One number alone answers this: the count of lines below in which the word "pattern" is found.

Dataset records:

== == ==

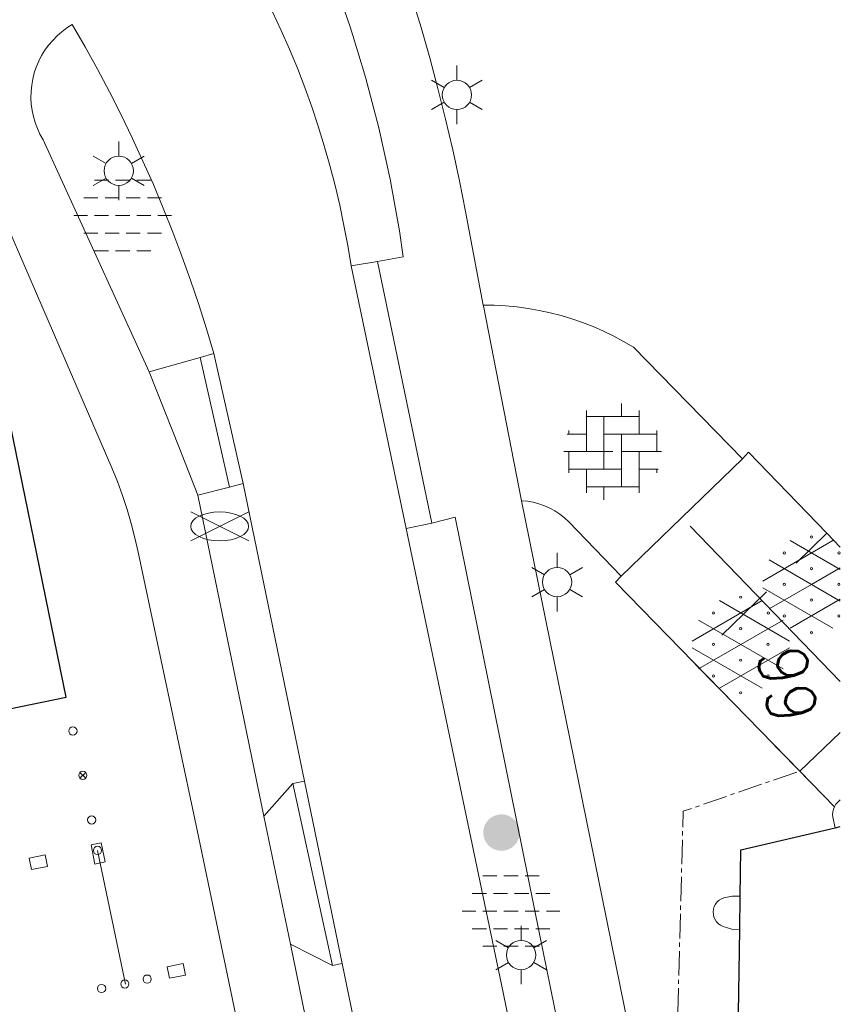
# Model space of a CAD drawing. Header units: metres. Extents: x 118656 to 118796, y 483654 to 483738.
# Tile 4 of 15: x 118710 to 118735, y 483689 to 483719. Entities that reach past the tile are written whole.
import ezdxf
from ezdxf.enums import TextEntityAlignment as Align

# ---------------------------------------------------------------- set-up
doc = ezdxf.new("R2010")
doc.units = ezdxf.units.M
doc.header["$MEASUREMENT"] = 0
doc.linetypes.add('DGN Style 2', pattern=[3.180526, 1.908315, -1.27221])
doc.linetypes.add('hek', pattern=[1.14, 0.75, -0.13, 0.13, -0.13])
for name, color, linetype, lineweight in [('Baakschild', 7, 'Continuous', 0), ('Barrier', 7, 'Continuous', 0), ('Kader', 7, 'Continuous', 0), ('Level 17', 7, 'Continuous', 0), ('Level 21', 7, 'Continuous', 0), ('Level 22', 7, 'Continuous', 0), ('Level 23', 7, 'Continuous', 0), ('Level 50', 7, 'Continuous', 0), ('Oml_ voetganger', 7, 'Continuous', 0), ('Omleiding fiets', 7, 'Continuous', 0), ('Omleiding OV', 7, 'Continuous', 0), ('Werkterrein', 7, 'Continuous', 0)]:
    doc.layers.add(name, color=color, linetype=linetype, lineweight=lineweight)
doc.styles.add('Style-STANDARD', font='STANDARD.shx')

# ---------------------------------------------------------------- blocks, each defined once
blk = doc.blocks.new('OVERH')
at = {"layer": 'Barrier', "color": 7, "linetype": 'Continuous', "lineweight": 0}
for p, q in [((-0.811, 0), (-0.811, 1.262)), ((0.272, 1.082), (0.272, 1.475)), ((0.812, 0.541), (0.812, 1.261)), ((-0.811, 1.082), (0.812, 1.082)), ((-0.27, -0.541), (-0.27, 1.082)), ((-1.352, 0.541), (-1.352, 0.649)), ((1.354, 0), (1.354, 0.647)), ((-1.399, 0.541), (-0.811, 0.541)), ((-0.27, 0.541), (1.354, 0.541)), ((0.271, -1.082), (0.271, 0.541)), ((-1.5, 0), (0, 0)), ((-1.352, -0.649), (-1.352, 0)), ((0.271, 0), (1.5, 0)), ((0.812, -1.261), (0.812, 0)), ((-1.352, -0.541), (0.271, -0.541)), ((-0.811, -1.262), (-0.811, -0.541)), ((0.812, -0.541), (1.399, -0.541)), ((1.354, -0.647), (1.354, -0.541)), ((-0.811, -1.082), (0.812, -1.082)), ((-0.269, -1.476), (-0.269, -1.082))]:
    blk.add_line(p, q, dxfattribs=at)
blk = doc.blocks.new('ONVERH')
at = {"layer": 'Barrier', "color": 7, "linetype": 'Continuous', "lineweight": 0}
for p, q in [((-0.856, 1.082), (-0.422, 1.082)), ((-0.206, 1.082), (0.227, 1.082)), ((0.444, 1.082), (0.877, 1.082)), ((-1.18, 0.54), (-0.747, 0.54)), ((-0.531, 0.54), (-0.097, 0.54)), ((0.119, 0.54), (0.552, 0.54)), ((0.769, 0.54), (1.202, 0.54)), ((-1.491, -0.001), (-1.072, -0.001)), ((-0.856, -0.001), (-0.422, -0.001)), ((-0.206, -0.001), (0.227, -0.001)), ((0.444, -0.001), (0.877, -0.001)), ((1.094, -0.001), (1.509, -0.001)), ((-1.18, -0.543), (-0.747, -0.543)), ((-1.18, -0.543), (-0.747, -0.543)), ((-0.531, -0.543), (-0.097, -0.543)), ((0.119, -0.543), (0.552, -0.543)), ((0.769, -0.543), (1.202, -0.543)), ((-0.856, -1.084), (-0.422, -1.084)), ((-0.206, -1.084), (0.227, -1.084)), ((0.444, -1.084), (0.877, -1.084))]:
    blk.add_line(p, q, dxfattribs=at)
blk = doc.blocks.new('GVERH')
at = {"layer": 'Barrier', "color": 7, "linetype": 'Continuous', "lineweight": 0}
for p, q in [((-1.496, 0.104), (0.659, 1.348)), ((-0.658, 1.348), (1.497, 0.104)), ((-1.299, 0.75), (1.299, -0.75)), ((0, 0), (1.299, 0.75)), ((-1.299, -0.75), (0, 0)), ((-1.496, -0.103), (0.659, -1.347)), ((-0.658, -1.347), (1.497, -0.103))]:
    blk.add_line(p, q, dxfattribs=at)
for centre in [(0, 1.452), (-0.838, 0.968), (0.846, 0.968), (0, 0.484), (-0.838, 0), (0.838, 0), (0, -0.483), (-0.838, -0.967), (0.838, -0.967), (0, -1.486)]:
    blk.add_circle(centre, 0.035, dxfattribs=at)
blk = doc.blocks.new('BRPIJP')
at = {"layer": 'Omleiding fiets', "color": 7, "linetype": 'Continuous', "lineweight": 0}
for p, q in [((-0.89, -0.445), (0.891, 0.445)), ((-0.89, 0.445), (0.891, -0.445))]:
    blk.add_line(p, q, dxfattribs=at)
blk.add_ellipse((0, -0.002), major_axis=(0.89, 0), ratio=0.5, dxfattribs=at)
blk = doc.blocks.new('BOOM')
at = {"layer": 'Oml_ voetganger', "linetype": 'Continuous', "lineweight": 0}
h = blk.add_hatch(color=7, dxfattribs=at)
edge = h.paths.add_edge_path()
edge.add_arc((0, 0), 0.56, 0, 360)
blk = doc.blocks.new('LANTPL')
at = {"layer": 'Level 50', "color": 7, "linetype": 'Continuous', "lineweight": 13}
for p, q in [((0, 0.45), (0, 0.9)), ((-0.39, 0.225), (-0.78, 0.45)), ((0.779, 0.45), (0.389, 0.225)), ((-0.39, -0.225), (-0.78, -0.45)), ((0.779, -0.45), (0.389, -0.225)), ((0, -0.9), (0, -0.45))]:
    blk.add_line(p, q, dxfattribs=at)
blk.add_circle((0, 0), 0.45, dxfattribs=at)

msp = doc.modelspace()

# ---------------------------------------------------------------- linework, layer by layer
at = {"layer": 'Barrier', "color": 7, "linetype": 'Continuous', "lineweight": 0}
for p, q in [((118732.815, 483701.634), (118734.97, 483702.878)), ((118733.653, 483702.878), (118735.195, 483701.9879)), ((118733.012, 483702.28), (118735.195, 483701.0196)), ((118734.311, 483701.53), (118735.195, 483702.0404)), ((118733.012, 483700.78), (118734.311, 483701.53)), ((118732.815, 483701.427), (118734.97, 483700.183)), ((118733.653, 483700.183), (118735.195, 483701.0731))]:
    msp.add_line(p, q, dxfattribs=at)
for centre in [(118734.3115, 483702.9822), (118733.4735, 483702.4982), (118735.1575, 483702.4982), (118734.3115, 483702.0142), (118733.4735, 483701.5302), (118735.1495, 483701.5302), (118734.3115, 483701.0472), (118733.4735, 483700.5632), (118735.1495, 483700.5632), (118734.3115, 483700.0442)]:
    msp.add_circle(centre, 0.035, dxfattribs=at)
at = {"layer": 'Kader', "color": 1, "lineweight": 13}
msp.add_line((118712.3922, 483693.3594), (118713.2487, 483689.2516), dxfattribs=at)
at = {"layer": 'Kader', "color": 7, "linetype": 'Continuous', "lineweight": 30}
for p, q in [((118732.106, 483690.935), (118732.119, 483691.952)), ((118732.072, 483688.358), (118732.106, 483690.935))]:
    msp.add_line(p, q, dxfattribs=at)
at = {"layer": 'Kader', "color": 7, "linetype": 'Continuous', "lineweight": 30, "flags": 128}
for points in [[(118700.879, 483695.899), (118711.428, 483698.068), (118709.263, 483708.617), (118699.078, 483706.531), (118698.038, 483711.626), (118687.846, 483709.546), (118686.805, 483714.641), (118676.222, 483712.479)], [(118732.119, 483691.952), (118732.138, 483693.375), (118735.041, 483694.059)], [(118735.041, 483694.059), (118735.195, 483694.0952)]]:
    msp.add_lwpolyline(points, dxfattribs=at)
at = {"layer": 'Level 17', "color": 7, "linetype": 'Continuous', "lineweight": 0}
for p, q in [((118720.985, 483711.449), (118720.175, 483711.313)), ((118721.868, 483703.244), (118720.175, 483711.313)), ((118720.985, 483711.449), (118722.658, 483703.413)), ((118715.543, 483708.501), (118713.977, 483708.059)), ((118715.962, 483708.619), (118715.543, 483708.501)), ((118716.448, 483704.52), (118715.543, 483708.501)), ((118715.962, 483708.619), (118716.867, 483704.625)), ((118732.192, 483705.387), (118728.473, 483701.787)), ((118715.468, 483704.274), (118716.448, 483704.52)), ((118716.448, 483704.52), (118716.867, 483704.625)), ((118716.867, 483704.625), (118718.749, 483695.492)), ((118715.468, 483704.274), (118717.502, 483694.41)), ((118721.868, 483703.244), (118722.658, 483703.413)), ((118735.195, 483702.6747), (118734.782, 483703.101)), ((118730.695, 483699.133), (118733.949, 483695.797)), ((118711.8531, 483695.7565), (118712.0327, 483695.577)), ((118712.0327, 483695.7565), (118711.8531, 483695.577)), ((118733.949, 483695.797), (118735.014, 483694.701)), ((118718.392, 483695.418), (118718.749, 483695.492)), ((118718.749, 483695.492), (118719.904, 483689.885)), ((118717.502, 483694.41), (118718.392, 483695.418)), ((118718.392, 483695.418), (118719.609, 483689.824)), ((118717.502, 483694.41), (118718.315, 483690.477)), ((118719.609, 483689.824), (118718.315, 483690.477)), ((118719.904, 483689.885), (118719.609, 483689.824))]:
    msp.add_line(p, q, dxfattribs=at)
at = {"layer": 'Level 17', "color": 7, "linetype": 'Continuous', "lineweight": 0, "flags": 128}
for points in [[(118724.227, 483710.106), (118723.692, 483712.978), (118723.501, 483713.929), (118723.296, 483714.877), (118723.076, 483715.821), (118722.841, 483716.762), (118722.591, 483717.699), (118722.326, 483718.631), (118722.047, 483719.56), (118721.753, 483720.484), (118721.444, 483721.404), (118721.122, 483722.318), (118720.784, 483723.227), (118720.433, 483724.131), (118719.886, 483724.978)], [(118717.643, 483724.626), (118717.658, 483724.606), (118718.02, 483723.885), (118718.368, 483723.156), (118718.701, 483722.421), (118719.019, 483721.679), (118719.323, 483720.931), (118719.612, 483720.178), (118719.885, 483719.419), (118720.144, 483718.654), (118720.388, 483717.885), (118720.616, 483717.11), (118720.829, 483716.332), (118721.026, 483715.549), (118721.208, 483714.763), (118721.374, 483713.973), (118721.525, 483713.18), (118721.66, 483712.384), (118721.779, 483711.586), (118720.985, 483711.449)], [(118720.175, 483711.313), (118720.074, 483711.935), (118719.959, 483712.555), (118719.829, 483713.172), (118719.685, 483713.785), (118719.527, 483714.395), (118719.355, 483715.002), (118719.169, 483715.604), (118718.969, 483716.201), (118718.756, 483716.794), (118718.528, 483717.382), (118718.288, 483717.965), (118718.033, 483718.541), (118717.766, 483719.112), (118717.485, 483719.676), (118717.191, 483720.234), (118716.885, 483720.784), (118716.566, 483721.328), (118716.234, 483721.864), (118715.89, 483722.392), (118715.534, 483722.912), (118715.261, 483723.295)], [(118713.977, 483708.059), (118710.721, 483715.188), (118710.627, 483715.357), (118710.546, 483715.532), (118710.478, 483715.713), (118710.424, 483715.899), (118710.385, 483716.088), (118710.36, 483716.28), (118710.349, 483716.473), (118710.353, 483716.666), (118710.372, 483716.859), (118710.405, 483717.049), (118710.452, 483717.236), (118710.514, 483717.42), (118710.589, 483717.598), (118710.678, 483717.77), (118710.779, 483717.934), (118710.892, 483718.091), (118711.017, 483718.238), (118711.153, 483718.376), (118711.299, 483718.503), (118711.454, 483718.618), (118711.617, 483718.722), (118712.01, 483718.04), (118712.391, 483717.35), (118712.76, 483716.654), (118713.116, 483715.952), (118713.459, 483715.243), (118713.789, 483714.528), (118714.107, 483713.807), (118714.412, 483713.081), (118714.703, 483712.349), (118714.982, 483711.612), (118715.247, 483710.871), (118715.499, 483710.124), (118715.737, 483709.374), (118715.962, 483708.619)], [(118708.918, 483714.156), (118712.836, 483705.11), (118713.004, 483704.689), (118713.159, 483704.263), (118713.3, 483703.833), (118713.428, 483703.398), (118713.542, 483702.96), (118713.643, 483702.518), (118715.45, 483693.98), (118716.276, 483690.013), (118717.581, 483683.774)], [(118724.227, 483710.106), (118724.574, 483710.102), (118724.92, 483710.083), (118725.265, 483710.051), (118725.609, 483710.006), (118725.951, 483709.946), (118726.289, 483709.873), (118726.625, 483709.786), (118726.957, 483709.686), (118727.285, 483709.573), (118727.608, 483709.447), (118727.926, 483709.308), (118728.238, 483709.157), (118728.543, 483708.993), (118728.842, 483708.817), (118732.192, 483705.387)], [(118725.413, 483704.1), (118724.238, 483710.084), (118724.227, 483710.106)], [(118713.977, 483708.059), (118714.9, 483705.732), (118715.468, 483704.274)], [(118728.473, 483701.787), (118726.859, 483703.455), (118726.727, 483703.577), (118726.585, 483703.688), (118726.435, 483703.787), (118726.278, 483703.874), (118726.113, 483703.947), (118725.943, 483704.007), (118725.769, 483704.052), (118725.592, 483704.083), (118725.413, 483704.1)], [(118725.413, 483704.1), (118728.024, 483691.205), (118730.305, 483679.973), (118735.195, 483655.8892)], [(118722.658, 483703.413), (118723.37, 483703.592), (118725.947, 483690.846), (118728.287, 483679.386), (118733.1595, 483655.52)], [(118731.715, 483655.52), (118726.897, 483678.981), (118724.841, 483688.994), (118721.868, 483703.244)], [(118718.315, 483690.477), (118721.019, 483677.271), (118725.4719, 483655.52)], [(118726.9857, 483655.52), (118722.419, 483677.679), (118719.904, 483689.885)]]:
    msp.add_lwpolyline(points, dxfattribs=at)
at = {"layer": 'Level 17', "color": 7, "linetype": 'Continuous', "lineweight": 13, "flags": 128}
for points in [[(118712.3151, 483692.9413), (118712.626, 483693.0052), (118712.5044, 483693.5966), (118712.1935, 483693.5327), (118712.3151, 483692.9413)], [(118710.2979, 483693.1237), (118710.7876, 483693.2244), (118710.8604, 483692.8703), (118710.3707, 483692.7696), (118710.2979, 483693.1237)], [(118714.5302, 483689.7872), (118715.0199, 483689.8879), (118715.0927, 483689.5338), (118714.603, 483689.4332), (118714.5302, 483689.7872)]]:
    msp.add_lwpolyline(points, close=True, dxfattribs=at)
at = {"layer": 'Level 17', "color": 7, "linetype": 'Continuous', "lineweight": 0}
for centre in [(118711.6374, 483697.0293), (118711.9429, 483695.6668), (118712.215, 483694.2971), (118712.3922, 483693.3594), (118713.9173, 483689.4075), (118712.5182, 483689.1198), (118713.2314, 483689.2591)]:
    msp.add_circle(centre, 0.127, dxfattribs=at)
at = {"layer": 'Level 21', "color": 7, "linetype": 'Continuous', "lineweight": 0, "flags": 128}
for points in [[(118735.014, 483694.701), (118735.059, 483694.777), (118735.115, 483694.846), (118735.181, 483694.904), (118735.195, 483694.913)], [(118735.041, 483694.059), (118734.967, 483694.377), (118734.96, 483694.46), (118734.966, 483694.542), (118734.984, 483694.623), (118735.014, 483694.701)], [(118732.119, 483691.952), (118731.872, 483691.955), (118731.624, 483691.907), (118731.547, 483691.876), (118731.477, 483691.833), (118731.416, 483691.777), (118731.366, 483691.712), (118731.327, 483691.638), (118731.303, 483691.559), (118731.293, 483691.477), (118731.298, 483691.395), (118731.317, 483691.315), (118731.35, 483691.239), (118731.396, 483691.17), (118731.453, 483691.111), (118731.52, 483691.063), (118731.595, 483691.027), (118731.862, 483690.938), (118732.106, 483690.935)]]:
    msp.add_lwpolyline(points, dxfattribs=at)
at = {"layer": 'Level 22', "color": 7, "linetype": 'Continuous', "lineweight": 0}
for p, q in [((118735.195, 483698.5446), (118730.583, 483703.319)), ((118735.195, 483696.9853), (118733.949, 483695.797))]:
    msp.add_line(p, q, dxfattribs=at)
at = {"layer": 'Level 22', "color": 7, "linetype": 'Continuous', "lineweight": 0, "flags": 128}
for points in [[(118732.192, 483705.387), (118732.372, 483705.588), (118734.782, 483703.101)], [(118730.695, 483699.133), (118728.294, 483701.596), (118728.473, 483701.787)]]:
    msp.add_lwpolyline(points, dxfattribs=at)
at = {"layer": 'Level 23', "color": 7, "linetype": 'hek', "lineweight": 0, "flags": 128}
msp.add_lwpolyline([(118735.195, 483679.213), (118730.082, 483683.96), (118730.372, 483694.563), (118733.949, 483695.797)], dxfattribs=at)
at = {"layer": 'Werkterrein', "color": 7, "linetype": 'DGN Style 2', "lineweight": 0, "flags": 128}
msp.add_lwpolyline([(118735.195, 483702.6746), (118734.782, 483703.101), (118730.695, 483699.133), (118735.014, 483694.701)], dxfattribs=at)

# ---------------------------------------------------------------- block references
at = {"layer": 'Barrier', "color": 7, "linetype": 'Continuous', "lineweight": 0}
for name, p in [('ONVERH', (118713.155, 483712.858)), ('OVERH', (118728.21, 483705.608)), ('GVERH', (118732.14, 483699.686)), ('ONVERH', (118725.077, 483691.499))]:
    msp.add_blockref(name, p, dxfattribs=at)
at = {"layer": 'Level 50', "color": 7, "linetype": 'Continuous', "lineweight": 13}
for p in [(118723.425, 483716.562), (118713.044, 483714.232), (118726.501, 483701.603), (118725.396, 483690.148)]:
    msp.add_blockref('LANTPL', p, dxfattribs=at)
at = {"layer": 'Oml_ voetganger', "color": 7, "linetype": 'Continuous', "lineweight": 0}
msp.add_blockref('BOOM', (118724.793, 483693.909), dxfattribs=at)
at = {"layer": 'Omleiding fiets', "color": 7, "linetype": 'Continuous', "lineweight": 0}
msp.add_blockref('BRPIJP', (118716.143, 483703.315), dxfattribs=at)

# ---------------------------------------------------------------- texts
at = {"layer": 'Baakschild', "color": 7, "linetype": 'Continuous', "lineweight": 0, "style": 'Style-STANDARD'}
msp.add_text('99', height=1.5, rotation=281.65, dxfattribs=at).set_placement((118733.3385, 483699.5984), align=Align.MIDDLE_LEFT)
at = {"layer": 'Omleiding OV', "color": 7, "linetype": 'Continuous', "lineweight": 0, "style": 'Style-STANDARD'}
msp.add_text('BURGERWEESHUISPAD', height=1.999998, rotation=281.63, dxfattribs=at).set_placement((118725.2961, 483674.7259), align=Align.MIDDLE_CENTER)

doc.saveas('drawing.dxf')

== == ==

▸ Result below
2